We want to run apache2 in the exact environment that /etc/init.d/apache2 start and apache2ctl start create. You could stare at the scripts and extract environment variables by hand, but this is time-consuming and error-prone. The elegant way to replicate the actions of the scripts is to replace the final call to apache2 with a stub that saves the complete environment, and then exec /usr/sbin/apache2 in that environment from the daemontools run script. To achieve this, one can rewrite apache2ctl (call it apache2ctl_fake) to invoke our stub, then rewrite /etc/init.d/apache2 to invoke apache2ctl_fake instead of the real apache2ctl. The stub itself can simply use env to dump the environment into a file. Putting all this together, we get

#!/bin/sh
exec 2>&1
NAME=apache2
# rewrite /etc/init.d/ script
cp "/etc/init.d/${NAME}" "/tmp/initd_${NAME}_fake"
perl -pi.bak -e \
  's@APACHE2CTL( start)@ENV /tmp/apache2ctl_fake$1@' \
  "/tmp/initd_${NAME}_fake"
# rewrite apache2ctl
{ echo '#!/bin/sh'; echo "APACHE_HTTPD=/tmp/${NAME}_fake";
  cat `which apache2ctl`; } >"/tmp/${NAME}ctl_fake"
# create stub
cat <<EOF >"/tmp/${NAME}_fake"
#!/bin/sh
/usr/bin/env >"/tmp/${NAME}_env.txt"
EOF
# execute fake init.d script
chmod a+x "/tmp/${NAME}_fake" "/tmp/${NAME}ctl_fake"

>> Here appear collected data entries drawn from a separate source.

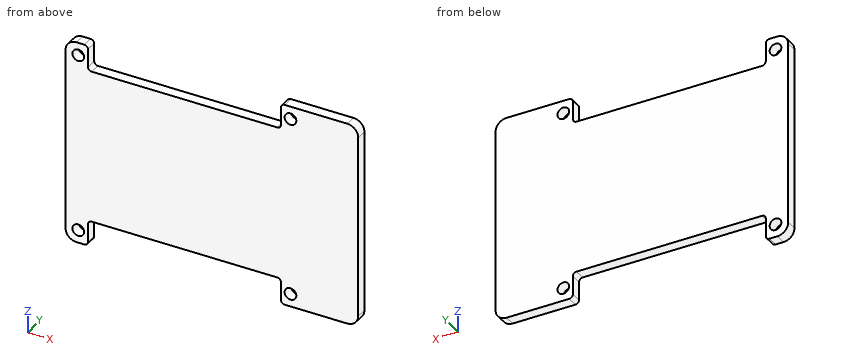
```python
from build123d import *

# Parameters (mm, degrees)
SKETCH_1_R      = 1.6
EXTRUDE_1_DEPTH = 3


with BuildPart() as part:
    # 草图1 → 凸台-拉伸1 (new body)
    with BuildSketch(Plane(origin=(0, 0, 0), x_dir=(1, 0, 0), z_dir=(0, 1, 0))):
        with BuildLine():
            Line((-21.134628196, 23.389975432), (-21.134628196, 18.377736005))
            ThreePointArc((-21.134628196, 18.377736005), (-21.427521415, 17.670629223), (-22.134628196, 17.377736005))
            Line((-22.134628196, 17.377736005), (-72.874730915, 17.377736005))
            ThreePointArc((-72.874730915, 17.377736005), (-73.581837696, 17.670629223), (-73.874730915, 18.377736005))
            Line((-73.874730915, 18.377736005), (-73.874730915, 23.389975432))
            ThreePointArc((-73.874730915, 23.389975432), (-74.167624134, 24.097082213), (-74.874730915, 24.389975432))
            Line((-74.874730915, 24.389975432), (-77.021723127, 24.389975432))
            ThreePointArc((-77.021723127, 24.389975432), (-79.134066788, 23.515014039), (-80.009028181, 21.402670377))
            Line((-80.009028181, 21.402670377), (-80.009028181, -28.604431477))
            ThreePointArc((-80.009028181, -28.604431477), (-79.134066788, -30.716775138), (-77.021723127, -31.591736531))
            Line((-77.021723127, -31.591736531), (-74.874730915, -31.591736531))
            ThreePointArc((-74.874730915, -31.591736531), (-74.167624134, -31.298843313), (-73.874730915, -30.591736531))
            Line((-73.874730915, -30.591736531), (-73.874730915, -25.64502865))
            ThreePointArc((-73.874730915, -25.64502865), (-73.581837696, -24.937921869), (-72.874730915, -24.64502865))
            Line((-72.874730915, -24.64502865), (-22.134628196, -24.64502865))
            ThreePointArc((-22.134628196, -24.64502865), (-21.427521415, -24.937921869), (-21.134628196, -25.64502865))
            Line((-21.134628196, -25.64502865), (-21.134628196, -30.591736531))
            ThreePointArc((-21.134628196, -30.591736531), (-20.841734977, -31.298843313), (-20.134628196, -31.591736531))
            Line((-20.134628196, -31.591736531), (-3.009028181, -31.591736531))
            ThreePointArc((-3.009028181, -31.591736531), (-0.887707838, -30.713056875), (-0.009028181, -28.591736531))
            Line((-0.009028181, -28.591736531), (-0.009028181, -21.760486998))
            Line((-0.009028181, -21.760486998), (-0.009028181, 21.389975432))
            ThreePointArc((-0.009028181, 21.389975432), (-0.887707838, 23.511295776), (-3.009028181, 24.389975432))
            Line((-3.009028181, 24.389975432), (-20.134628196, 24.389975432))
            ThreePointArc((-20.134628196, 24.389975432), (-20.841734977, 24.097082213), (-21.134628196, 23.389975432))
        make_face()
        with Locations(Location((-76.52848462, 20.886724226, 0), (0, 0, 270))):
            Circle(SKETCH_1_R, mode=Mode.SUBTRACT)
        with Locations(Location((-18.52858622, 20.886597225, 0), (0, 0, 270))):
            Circle(SKETCH_1_R, mode=Mode.SUBTRACT)
        with Locations(Location((-18.52833222, -28.113656775, 0), (0, 0, 270))):
            Circle(SKETCH_1_R, mode=Mode.SUBTRACT)
        with Locations(Location((-76.52833222, -28.113529775, 0), (0, 0, 270))):
            Circle(SKETCH_1_R, mode=Mode.SUBTRACT)
    extrude(amount=EXTRUDE_1_DEPTH)


solid = part.part
```
Work out the finished part from the listing and answer in its coordinate system (mm). Coordinates: 2 decimals unless noted, no trailing zeros. Write each loop counter-clockwise with the first axis right and the second up, starting at its lowest first coordinate (ties: lowest second). Pieces come first, ordered by that corner, then holes.
Q1. Find the intervals of material crossed by line 1 (X direction, y = 2.7, z = 25.5); line 2 (Z direction, x = -43, y = 0.35); line 3 (Z direction, x = -73.5, y = 0.2), in increasing order.
Q2. A cutting plane is placed at B-B, the plane x = -43. Give the vertices of the cut face in (y, z).
Q3. A cutting plane is placed at A-A, the plane y = 1.6. Give the vertices of the cut face in (x, z), then the cut area to 3 significant figures.
Q4. This flat-tipped pin is pushed along its axis until it touches: pin 1 Ø1.9 at (x, z) = (-18.53, 28.11) entering from +Y. Where does it stop, or does it pass through?
Findings below:
1. line 1: x = -80.01 to -73.86, -21.15 to -0.01
1. line 2: z = -17.38 to 24.65
1. line 3: z = -17.6 to 24.86
2. outline: (0, -17.38) - (3, -17.38) - (3, 24.65) - (0, 24.65) - close
3. outline: (-80.01, -21.4) arc R2.99 ccw to (-77.02, -24.39) - (-74.87, -24.39) arc R1 ccw to (-73.87, -23.39) - (-73.87, -18.38) arc R1 cw to (-72.87, -17.38) - (-22.13, -17.38) arc R1 cw to (-21.13, -18.38) - (-21.13, -23.39) arc R1 ccw to (-20.13, -24.39) - (-3.01, -24.39) arc R3 ccw to (-0.01, -21.39) - (-0.01, 28.59) arc R3 ccw to (-3.01, 31.59) - (-20.13, 31.59) arc R1 ccw to (-21.13, 30.59) - (-21.13, 25.65) arc R1 cw to (-22.13, 24.65) - (-72.87, 24.65) arc R1 cw to (-73.87, 25.65) - (-73.87, 30.59) arc R1 ccw to (-74.87, 31.59) - (-77.02, 31.59) arc R2.99 ccw to (-80.01, 28.6) - close; hole circle Ø3.2 at (-76.53, -20.89); hole circle Ø3.2 at (-76.53, 28.11); hole circle Ø3.2 at (-18.53, -20.89); hole circle Ø3.2 at (-18.53, 28.11)
3. area: 3,700 mm2
4. pin 1: passes through
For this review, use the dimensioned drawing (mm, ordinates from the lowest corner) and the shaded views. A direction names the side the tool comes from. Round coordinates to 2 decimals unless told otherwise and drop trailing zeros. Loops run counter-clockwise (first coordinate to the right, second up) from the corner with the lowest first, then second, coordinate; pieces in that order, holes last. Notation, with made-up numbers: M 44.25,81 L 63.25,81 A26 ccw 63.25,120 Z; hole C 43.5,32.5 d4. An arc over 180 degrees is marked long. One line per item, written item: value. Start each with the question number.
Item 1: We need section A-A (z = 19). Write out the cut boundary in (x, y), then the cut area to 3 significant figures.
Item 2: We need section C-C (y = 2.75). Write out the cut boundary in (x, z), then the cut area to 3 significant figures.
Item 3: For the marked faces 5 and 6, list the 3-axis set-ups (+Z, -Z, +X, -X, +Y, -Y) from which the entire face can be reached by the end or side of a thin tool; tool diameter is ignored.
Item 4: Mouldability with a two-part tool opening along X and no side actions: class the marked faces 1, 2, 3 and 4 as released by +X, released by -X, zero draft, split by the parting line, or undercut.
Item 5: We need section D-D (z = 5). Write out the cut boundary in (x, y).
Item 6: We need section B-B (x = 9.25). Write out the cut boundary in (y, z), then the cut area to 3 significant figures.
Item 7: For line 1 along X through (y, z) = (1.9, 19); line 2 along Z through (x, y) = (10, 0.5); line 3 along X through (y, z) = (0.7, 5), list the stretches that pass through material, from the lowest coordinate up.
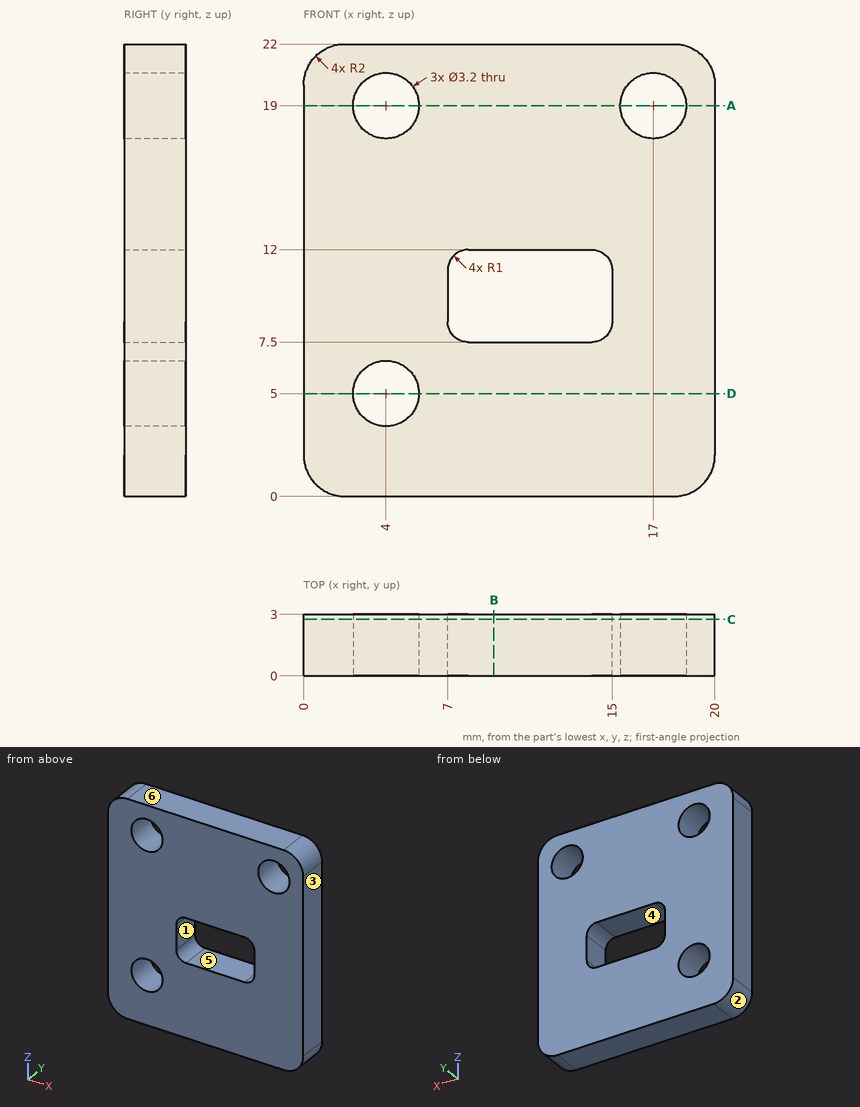
A:
1. outline: M 0,0 L 2.4,0 L 2.4,3 L 0,3 Z; M 5.6,0 L 15.4,0 L 15.4,3 L 5.6,3 Z; M 18.6,0 L 20,0 L 20,3 L 18.6,3 Z
1. area: 40.8 mm2
2. outline: M 0,2 A2 ccw 2,0 L 18,0 A2 ccw 20,2 L 20,20 A2 ccw 18,22 L 2,22 A2 ccw 0,20 Z; hole C 4,5 d3.2; hole C 4,19 d3.2; hole M 7,8.5 A1 ccw 8,7.5 L 14,7.5 A1 ccw 15,8.5 L 15,11 A1 ccw 14,12 L 8,12 A1 ccw 7,11 Z; hole C 17,19 d3.2
2. area: 377 mm2
3. face 5: +Y, -Y
3. face 6: +Z, +X, -X, +Y, -Y
4. face 1: undercut
4. face 2: released by -X
4. face 3: released by +X
4. face 4: undercut
5. outline: M 0,0 L 2.4,0 L 2.4,3 L 0,3 Z; M 5.6,0 L 20,0 L 20,3 L 5.6,3 Z
6. outline: M 0,0 L 3,0 L 3,7.5 L 0,7.5 Z; M 0,12 L 3,12 L 3,22 L 0,22 Z
6. area: 52.5 mm2
7. line 1: 0 to 2.4, 5.6 to 15.4, 18.6 to 20
7. line 2: 0 to 7.5, 12 to 22
7. line 3: 0 to 2.4, 5.6 to 20

chmod a+x "/tmp/initd_${NAME}_fake"
"/tmp/initd_${NAME}_fake" start >/dev/null 2>&1
# prefix all encironment assignments with export
perl -ni.bak -e 's/^/export /; print unless /^export PWD=/' \
  "/tmp/${NAME}_env.txt"
# load environment
. "/tmp/${NAME}_env.txt"
# call the real apache2
exec /usr/sbin/apache2 -k start -DNO_DETACH -DNO_DAEMONIZE

Note that the final crude “environment reload” trick only works for environment variables with no spaces in their values, because env does not quote assignments and/or escape quotes, i.e. it doesn't output VAR="value with \"nasty\" stuff". For more thorough handling one could generate output in the style of daemontools' envdir and use that tool to exec apache2.